------ Data under study
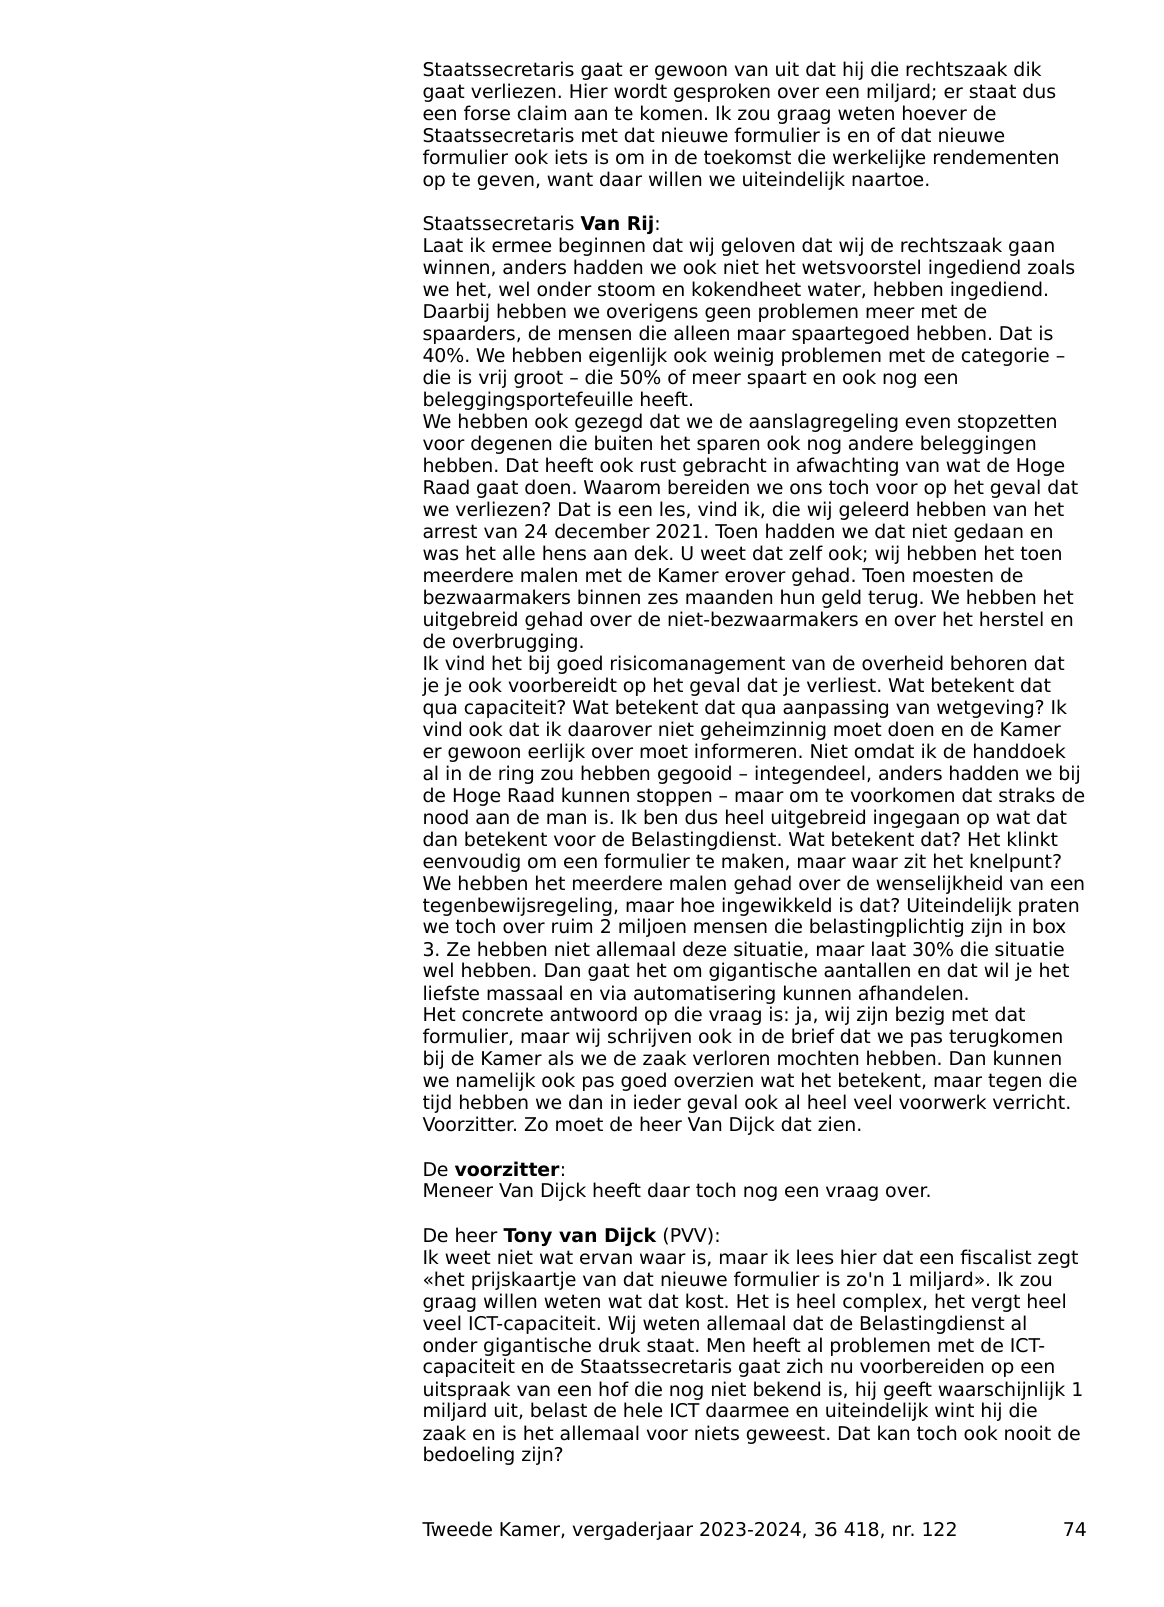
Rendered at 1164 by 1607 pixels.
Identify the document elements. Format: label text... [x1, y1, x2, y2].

text Staatssecretaris Van Rij: [422, 213, 1087, 235]
text Ik vind het bij goed risicomanagement van de overheid behoren dat je je ook voorbereidt op het geval dat je verliest. Wat betekent dat qua capaciteit? Wat betekent dat qua aanpassing van wetgeving? Ik vind ook dat ik daarover niet geheimzinnig moet doen en de Kamer er gewoon eerlijk over moet informeren. Niet omdat ik de handdoek al in de ring zou hebben gegooid – integendeel, anders hadden we bij de Hoge Raad kunnen stoppen – maar om te voorkomen dat straks de nood aan de man is. Ik ben dus heel uitgebreid ingegaan op wat dat dan betekent voor de Belastingdienst. Wat betekent dat? Het klinkt eenvoudig om een formulier te maken, maar waar zit het knelpunt? We hebben het meerdere malen gehad over de wenselijkheid van een tegenbewijsregeling, maar hoe ingewikkeld is dat? Uiteindelijk praten we toch over ruim 2 miljoen mensen die belastingplichtig zijn in box 3. Ze hebben niet allemaal deze situatie, maar laat 30% die situatie wel hebben. Dan gaat het om gigantische aantallen en dat wil je het liefste massaal en via automatisering kunnen afhandelen. [422, 653, 1087, 1004]
text De heer Tony van Dijck (PVV): [422, 1224, 1087, 1247]
text De voorzitter: [422, 1158, 1087, 1180]
text Ik weet niet wat ervan waar is, maar ik lees hier dat een fiscalist zegt «het prijskaartje van dat nieuwe formulier is zo'n 1 miljard». Ik zou graag willen weten wat dat kost. Het is heel complex, het vergt heel veel ICT-capaciteit. Wij weten allemaal dat de Belastingdienst al onder gigantische druk staat. Men heeft al problemen met de ICT-capaciteit en de Staatssecretaris gaat zich nu voorbereiden op een uitspraak van een hof die nog niet bekend is, hij geeft waarschijnlijk 1 miljard uit, belast de hele ICT daarmee en uiteindelijk wint hij die zaak en is het allemaal voor niets geweest. Dat kan toch ook nooit de bedoeling zijn? [422, 1247, 1087, 1466]
text Meneer Van Dijck heeft daar toch nog een vraag over. [422, 1180, 1087, 1202]
text Het concrete antwoord op die vraag is: ja, wij zijn bezig met dat formulier, maar wij schrijven ook in de brief dat we pas terugkomen bij de Kamer als we de zaak verloren mochten hebben. Dan kunnen we namelijk ook pas goed overzien wat het betekent, maar tegen die tijd hebben we dan in ieder geval ook al heel veel voorwerk verricht. [422, 1004, 1087, 1114]
text Voorzitter. Zo moet de heer Van Dijck dat zien. [422, 1114, 1087, 1136]
text Laat ik ermee beginnen dat wij geloven dat wij de rechtszaak gaan winnen, anders hadden we ook niet het wetsvoorstel ingediend zoals we het, wel onder stoom en kokendheet water, hebben ingediend. Daarbij hebben we overigens geen problemen meer met de spaarders, de mensen die alleen maar spaartegoed hebben. Dat is 40%. We hebben eigenlijk ook weinig problemen met de categorie – die is vrij groot – die 50% of meer spaart en ook nog een beleggingsportefeuille heeft. [422, 235, 1087, 411]
text We hebben ook gezegd dat we de aanslagregeling even stopzetten voor degenen die buiten het sparen ook nog andere beleggingen hebben. Dat heeft ook rust gebracht in afwachting van wat de Hoge Raad gaat doen. Waarom bereiden we ons toch voor op het geval dat we verliezen? Dat is een les, vind ik, die wij geleerd hebben van het arrest van 24 december 2021. Toen hadden we dat niet gedaan en was het alle hens aan dek. U weet dat zelf ook; wij hebben het toen meerdere malen met de Kamer erover gehad. Toen moesten de bezwaarmakers binnen zes maanden hun geld terug. We hebben het uitgebreid gehad over de niet-bezwaarmakers en over het herstel en de overbrugging. [422, 411, 1087, 653]
text Staatssecretaris gaat er gewoon van uit dat hij die rechtszaak dik gaat verliezen. Hier wordt gesproken over een miljard; er staat dus een forse claim aan te komen. Ik zou graag weten hoever de Staatssecretaris met dat nieuwe formulier is en of dat nieuwe formulier ook iets is om in de toekomst die werkelijke rendementen op te geven, want daar willen we uiteindelijk naartoe. [422, 59, 1087, 191]
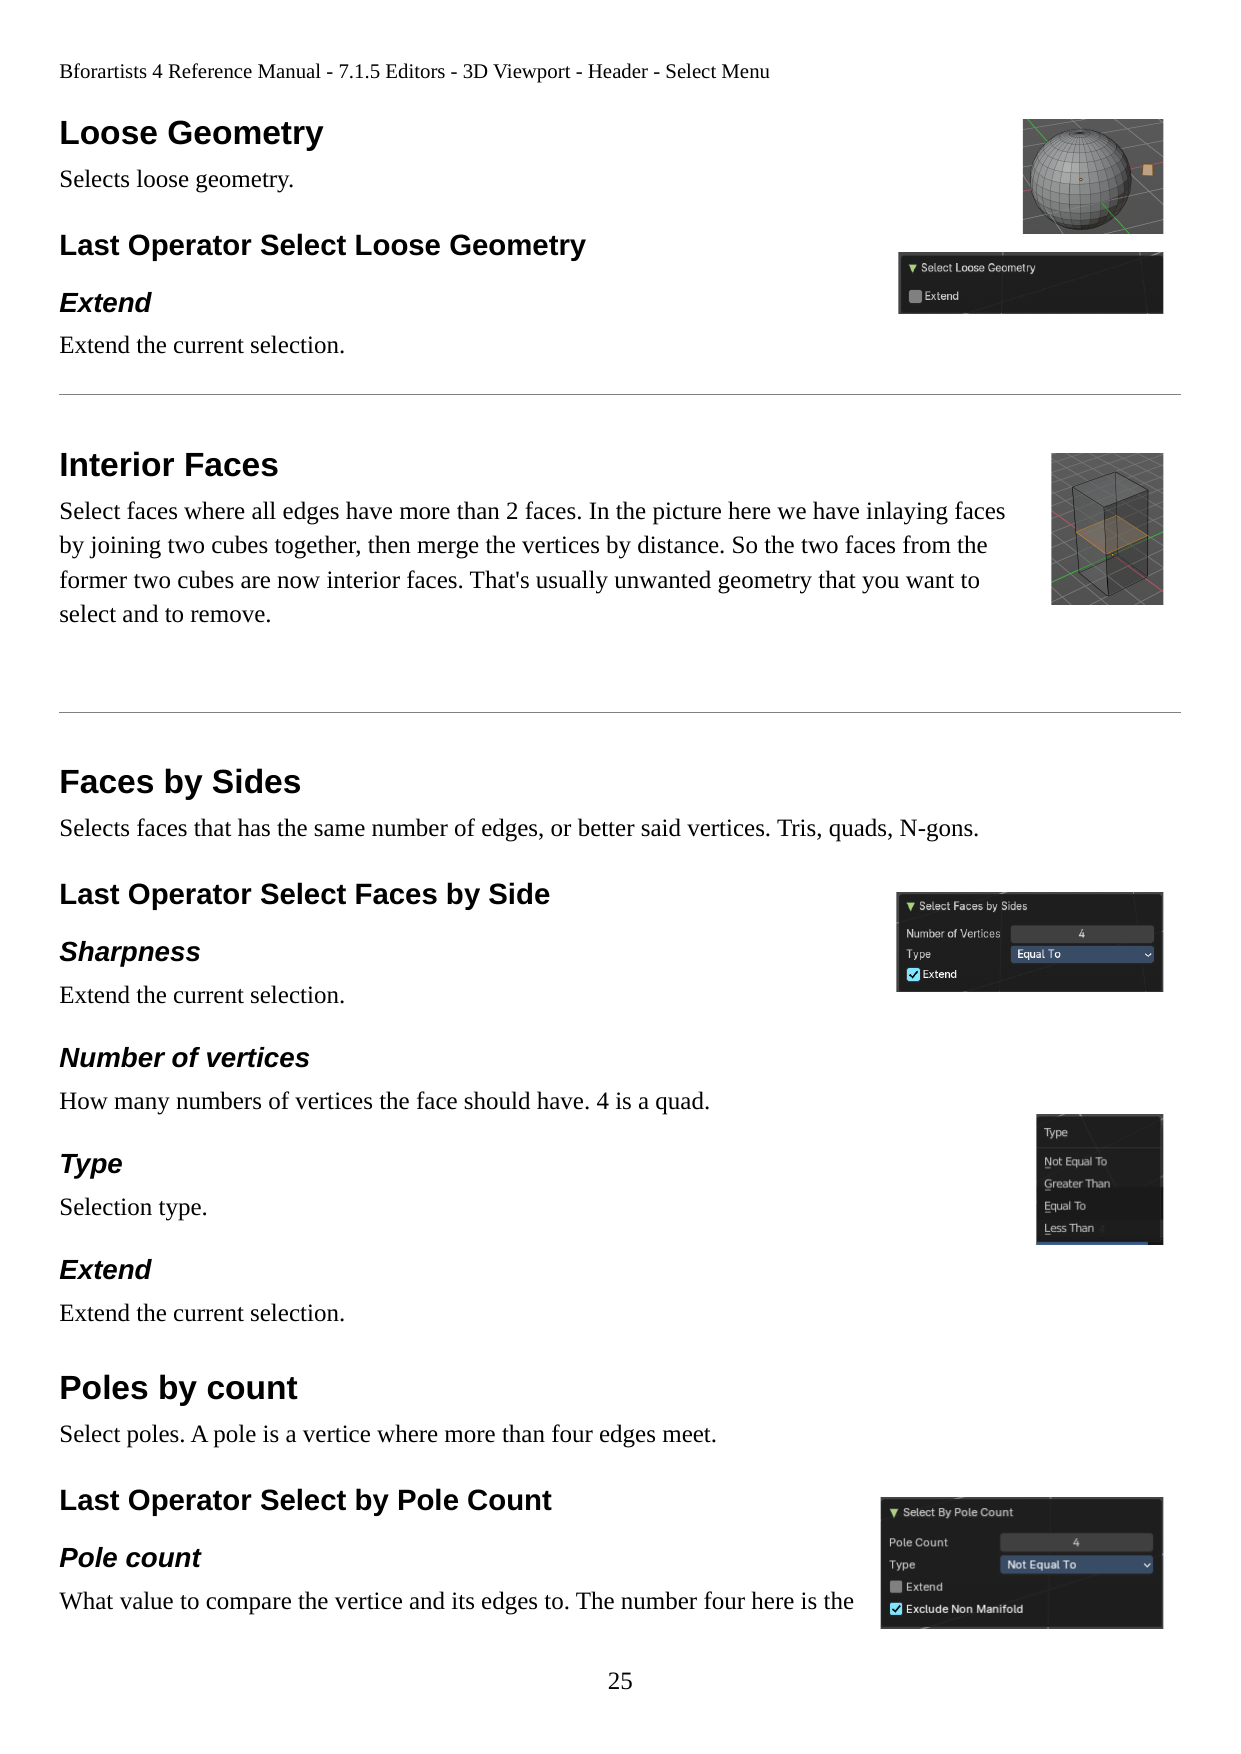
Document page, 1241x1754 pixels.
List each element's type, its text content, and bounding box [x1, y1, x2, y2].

picture [1022, 119, 1164, 234]
subtitle Sharpness [59, 936, 896, 968]
text [1164, 1192, 1181, 1221]
subtitle [1164, 1541, 1181, 1573]
picture [898, 252, 1164, 314]
text Select faces where all edges have more than 2 faces. In the picture here we have inlaying faces by joining two cubes together, then merge the vertices by distance. So the two faces from the former two cubes are now interior faces. That's usually unwanted geometry that you want to select and to remove. [59, 496, 1181, 628]
text How many numbers of vertices the face should have. 4 is a quad. [59, 1086, 1181, 1115]
subtitle Poles by count [59, 1368, 1181, 1407]
subtitle [1164, 1148, 1181, 1179]
picture [896, 892, 1164, 992]
text What value to compare the vertice and its edges to. The number four here is the [59, 1586, 880, 1614]
subtitle Last Operator Select Loose Geometry [59, 227, 1181, 261]
subtitle [1164, 936, 1181, 968]
subtitle Faces by Sides [59, 762, 1181, 801]
text Selects faces that has the same number of edges, or better said vertices. Tris, quads, N-gons. [59, 813, 1181, 842]
text Extend the current selection. [59, 331, 1181, 359]
text Selection type. [59, 1192, 1036, 1221]
picture [1036, 1114, 1164, 1245]
subtitle Loose Geometry [59, 113, 1181, 151]
picture [880, 1497, 1164, 1629]
text Extend the current selection. [59, 980, 1181, 1009]
subtitle Type [59, 1148, 1036, 1179]
text Selects loose geometry. [59, 164, 1022, 192]
subtitle Pole count [59, 1541, 880, 1573]
subtitle Extend [59, 286, 1181, 318]
text [1164, 164, 1181, 192]
text Extend the current selection. [59, 1298, 1181, 1327]
subtitle Last Operator Select Faces by Side [59, 877, 1181, 911]
subtitle Interior Faces [59, 444, 1181, 483]
text Select poles. A pole is a vertice where more than four edges meet. [59, 1419, 1181, 1448]
picture [1051, 453, 1164, 605]
subtitle Extend [59, 1254, 1181, 1286]
subtitle Number of vertices [59, 1042, 1181, 1074]
subtitle Last Operator Select by Pole Count [59, 1483, 1181, 1516]
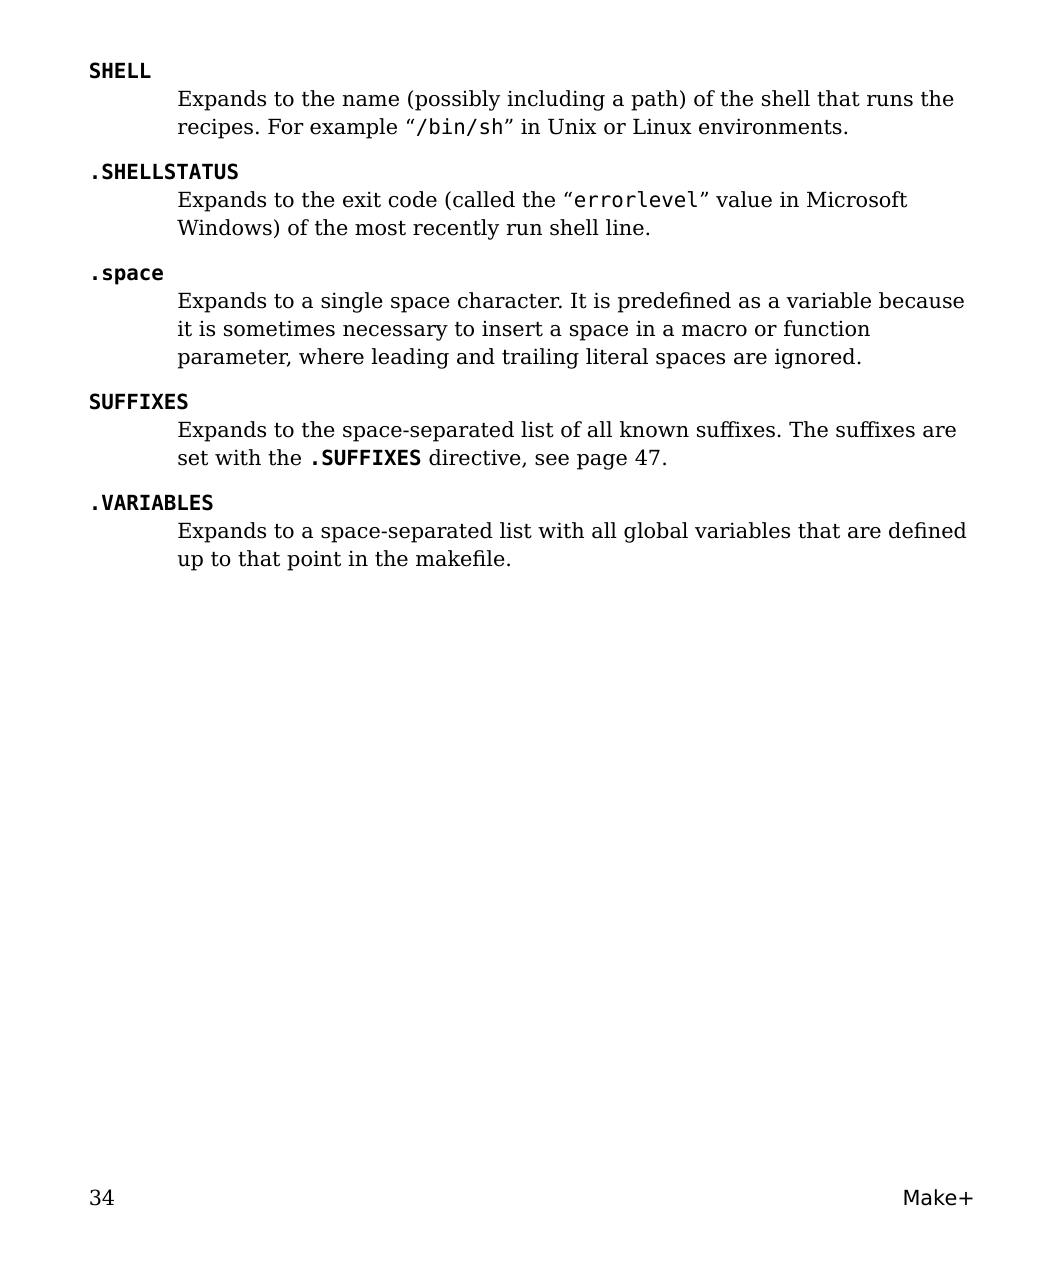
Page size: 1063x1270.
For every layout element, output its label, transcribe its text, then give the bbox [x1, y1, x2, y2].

text .SHELLSTATUS Expands to the exit code (called the “errorlevel” value in Microsoft Windows) of the most recently run shell line. [88, 160, 974, 240]
text SUFFIXES Expands to the space-separated list of all known suffixes. The suffixes are set with the .SUFFIXES directive, see page 47. [88, 390, 974, 470]
text .space Expands to a single space character. It is predefined as a variable because it is sometimes necessary to insert a space in a macro or function parameter, where leading and trailing literal spaces are ignored. [88, 261, 974, 369]
text .VARIABLES Expands to a space-separated list with all global variables that are defined up to that point in the makefile. [88, 491, 974, 571]
text SHELL Expands to the name (possibly including a path) of the shell that runs the recipes. For example “/bin/sh” in Unix or Linux environments. [88, 59, 974, 139]
------------
### [About this task]
After dropping the pictures, please set down the lines from the beginning of the listing through the line containing "text Staatssecretaris Van", both included, exactly as they stand.

### [Solution to the problem]
Rendered at 1164 by 1607 pixels.
Identify the document elements. Format: label text... [x1, y1, x2, y2].

text Staatssecretaris Van Rij: [422, 213, 1087, 235]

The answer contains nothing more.